Union leaders are ecstatic. Lily Eskelsen Garcia, president of the National Education Association, praised the High Court and castigated the plaintiffs with this prepared statement:
The U.S. Supreme Court today rejected a political ploy to silence public employees like teachers, school bus drivers, cafeteria workers, higher education faculty and other educators. In Friedrichs, the court saw through the political attacks on the workplace rights of teachers, educators and other public employees. This decision recognizes that stripping public employees of their voices in the workplace is not what our country needs.
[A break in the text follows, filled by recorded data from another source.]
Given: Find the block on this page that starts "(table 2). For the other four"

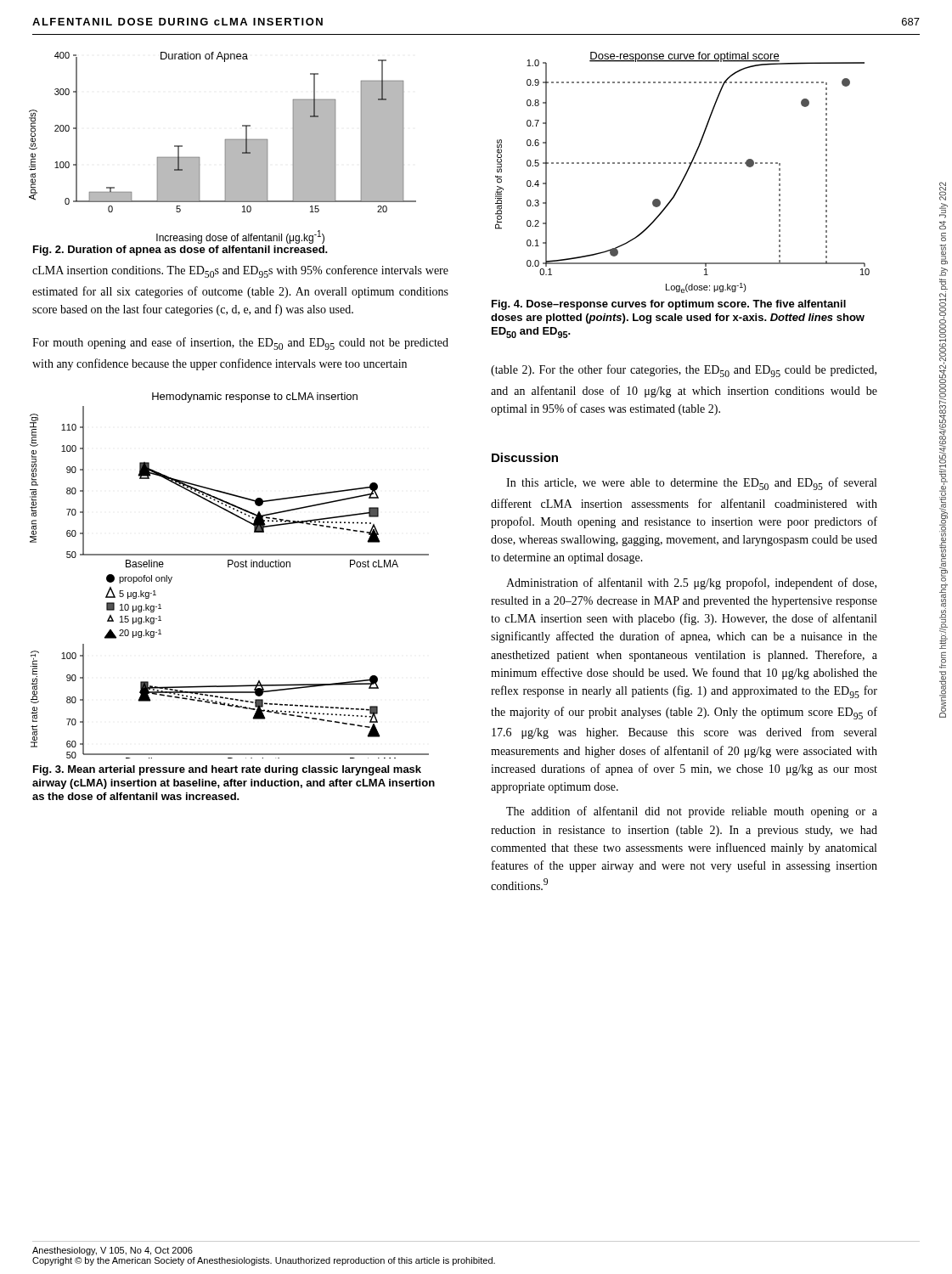Looking at the screenshot, I should 684,389.
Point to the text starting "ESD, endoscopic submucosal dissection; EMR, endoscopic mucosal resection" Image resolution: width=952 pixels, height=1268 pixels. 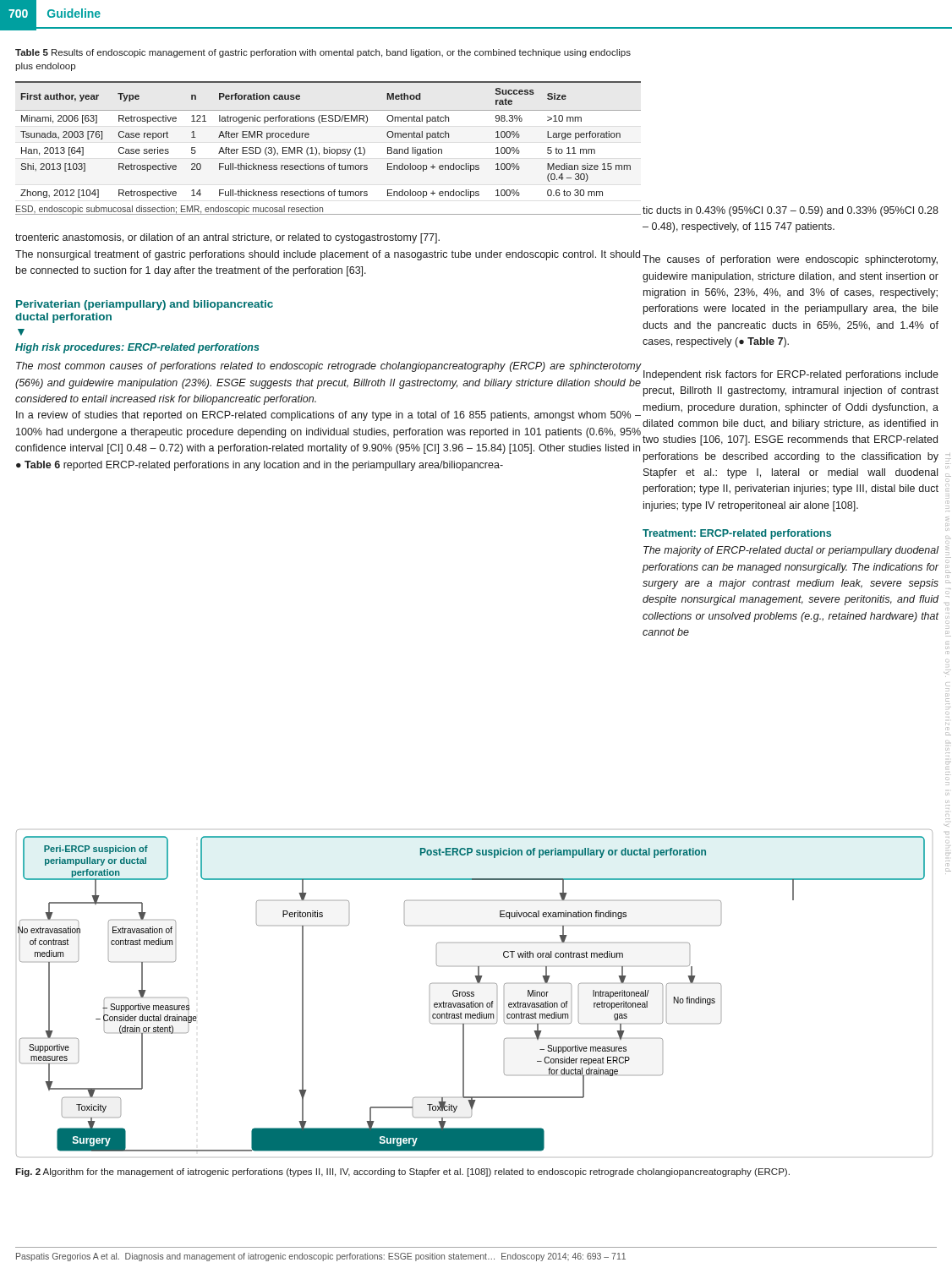point(169,209)
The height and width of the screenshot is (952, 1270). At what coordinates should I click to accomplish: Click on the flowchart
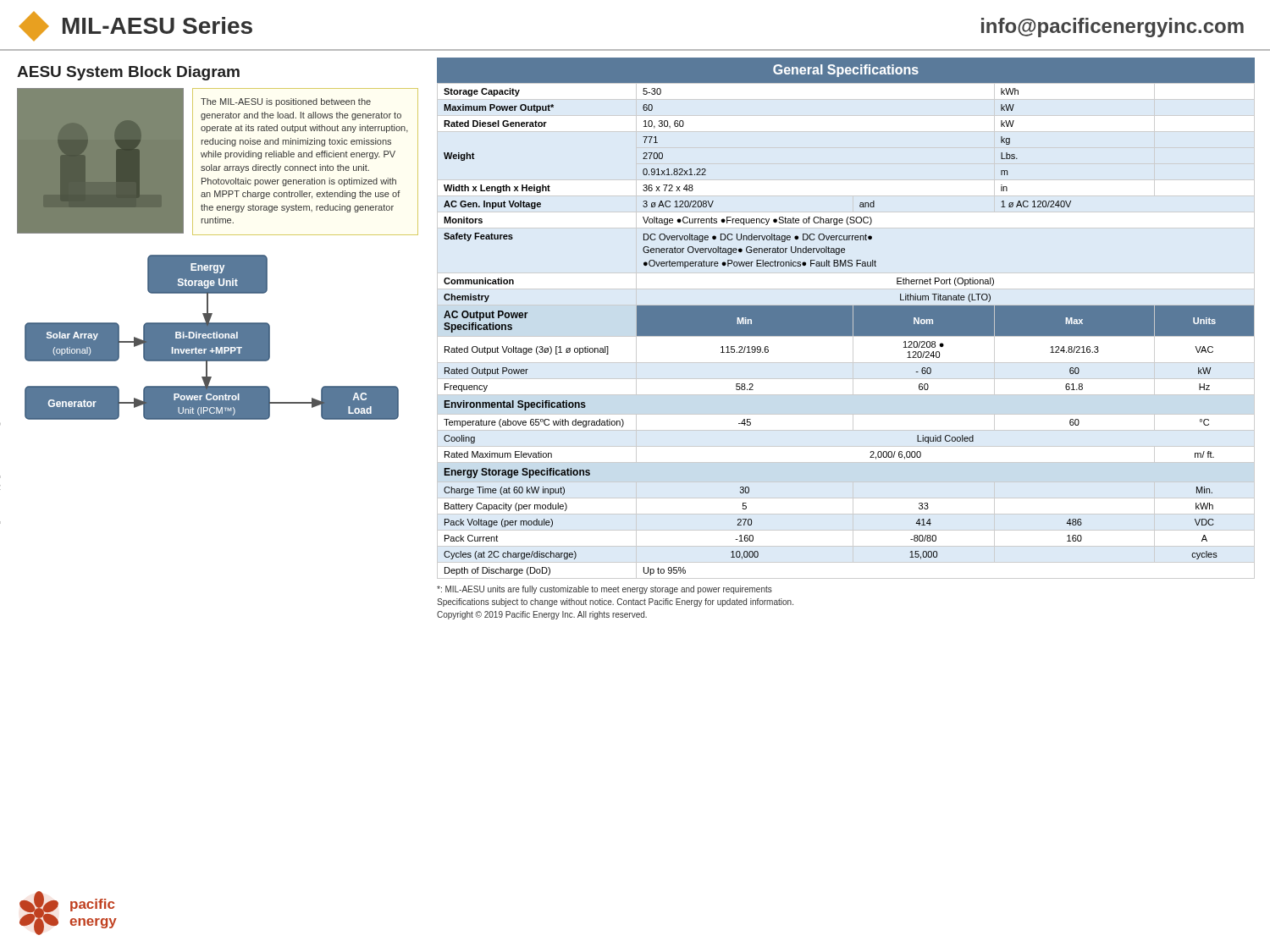[218, 338]
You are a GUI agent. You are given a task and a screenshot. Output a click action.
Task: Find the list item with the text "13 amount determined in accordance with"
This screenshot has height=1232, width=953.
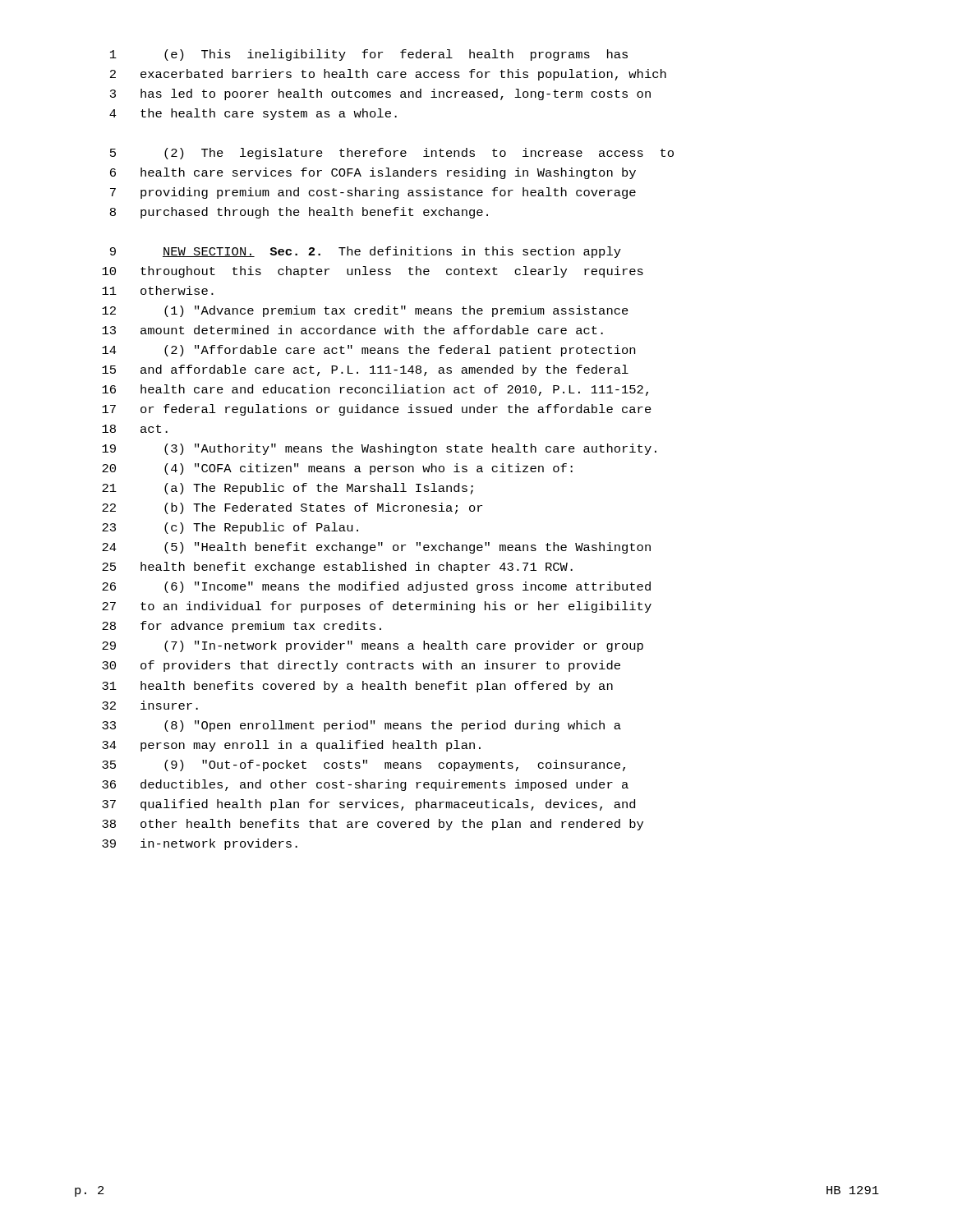coord(476,331)

This is pure sophistry. What “silences” is not a challenge to union authority to force fee payments from unwilling workers; it is the use of force itself. Employees have a right to decide for themselves whether or not to furnish financial support, and without having to go through an arduous and usually futile process of obtaining even a partial refund. The idea that non-payers are “free riders,” mooching off union benefits without paying for them, is nonsense. Fee payers bear costs as well as receive benefits. It is up to them to decide if the costs are worth it. Hopefully, with a full Supreme Court, a similar case will reach its docket and result in a ruling that protects liberty.